No Boundaries: Dennis Bovell's Baker's Dozen
Neil Kulkarni , October 20th, 2021 09:48

From his time working on classics like The Pop Group's Y, The Slits' Cut and Janet Kay's Silly Games, to the inspiration of Jimi Hendrix and The Beatles, Dennis Bovell takes Neil Kulkarni through his thirteen favourite records


Booker T & The MGs – Green Onions

tQ: Am I right in thinking you played ‘Green Onions’ in a school assembly once?

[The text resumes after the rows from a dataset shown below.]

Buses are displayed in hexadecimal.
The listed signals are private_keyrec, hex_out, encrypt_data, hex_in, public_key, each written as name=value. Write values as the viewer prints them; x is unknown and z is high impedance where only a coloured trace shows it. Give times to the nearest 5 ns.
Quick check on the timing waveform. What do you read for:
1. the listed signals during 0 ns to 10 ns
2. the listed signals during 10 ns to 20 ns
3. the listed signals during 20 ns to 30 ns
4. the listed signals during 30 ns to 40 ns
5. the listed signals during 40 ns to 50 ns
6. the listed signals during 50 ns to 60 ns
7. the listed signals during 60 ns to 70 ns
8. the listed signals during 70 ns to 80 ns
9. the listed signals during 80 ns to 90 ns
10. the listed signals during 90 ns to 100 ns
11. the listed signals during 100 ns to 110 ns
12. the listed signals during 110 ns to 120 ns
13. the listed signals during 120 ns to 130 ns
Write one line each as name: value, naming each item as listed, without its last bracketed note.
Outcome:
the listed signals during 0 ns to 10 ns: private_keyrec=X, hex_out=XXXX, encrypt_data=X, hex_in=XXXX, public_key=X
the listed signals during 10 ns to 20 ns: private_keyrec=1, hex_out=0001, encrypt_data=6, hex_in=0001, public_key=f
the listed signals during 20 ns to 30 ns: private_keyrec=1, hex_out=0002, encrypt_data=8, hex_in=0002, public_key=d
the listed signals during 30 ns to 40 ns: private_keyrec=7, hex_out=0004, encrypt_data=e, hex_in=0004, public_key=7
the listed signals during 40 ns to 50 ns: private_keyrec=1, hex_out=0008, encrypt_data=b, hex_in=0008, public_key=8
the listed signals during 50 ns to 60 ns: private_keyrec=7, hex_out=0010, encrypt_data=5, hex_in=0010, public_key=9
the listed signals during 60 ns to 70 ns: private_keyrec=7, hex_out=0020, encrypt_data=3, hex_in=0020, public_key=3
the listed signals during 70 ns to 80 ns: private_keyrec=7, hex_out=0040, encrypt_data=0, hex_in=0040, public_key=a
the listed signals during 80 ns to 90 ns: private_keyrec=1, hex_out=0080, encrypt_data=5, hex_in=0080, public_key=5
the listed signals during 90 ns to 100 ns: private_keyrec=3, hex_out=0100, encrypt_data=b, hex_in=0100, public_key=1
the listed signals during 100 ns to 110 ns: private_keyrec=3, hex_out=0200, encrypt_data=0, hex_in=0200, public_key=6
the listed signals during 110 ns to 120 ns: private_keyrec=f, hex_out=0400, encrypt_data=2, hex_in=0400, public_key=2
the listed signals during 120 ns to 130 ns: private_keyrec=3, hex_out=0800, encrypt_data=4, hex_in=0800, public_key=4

Yeah! It was my first time ever playing the bass. I was only in the second year of secondary school but some older boys, from the fifth year had heard me play guitar but needed a bass player for this school-assembly gig. I didn’t even have a bass guitar - a white friend of mine, who we called ‘whitey’! - let me borrow his bass. Thing is - this guy was in the band Greyhound, who had had a hit and been on Top Of The Pops with ‘The Ink Is Black’ and he played this super cool bass - ice blue in colour which was striking at a time when nearly all guitars were just red or black. So, there I am at this school assembly playing covers like ‘Green Onions’ and these older boys tell me to stand on top of the piano so everyone can see the Top Of The Pops bass! Playing different types of music with these older guys I realised when one of them said to me ‘Dennis, there’s only one Jimi Hendrix’ that I wanted to play bass and push more into playing reggae. Booker T & The MGs were really important to me because it was so great to see a band with black and white people in. Multiracial bands really weren’t that common at that time so that was inspirational to see. That kind of racial unity.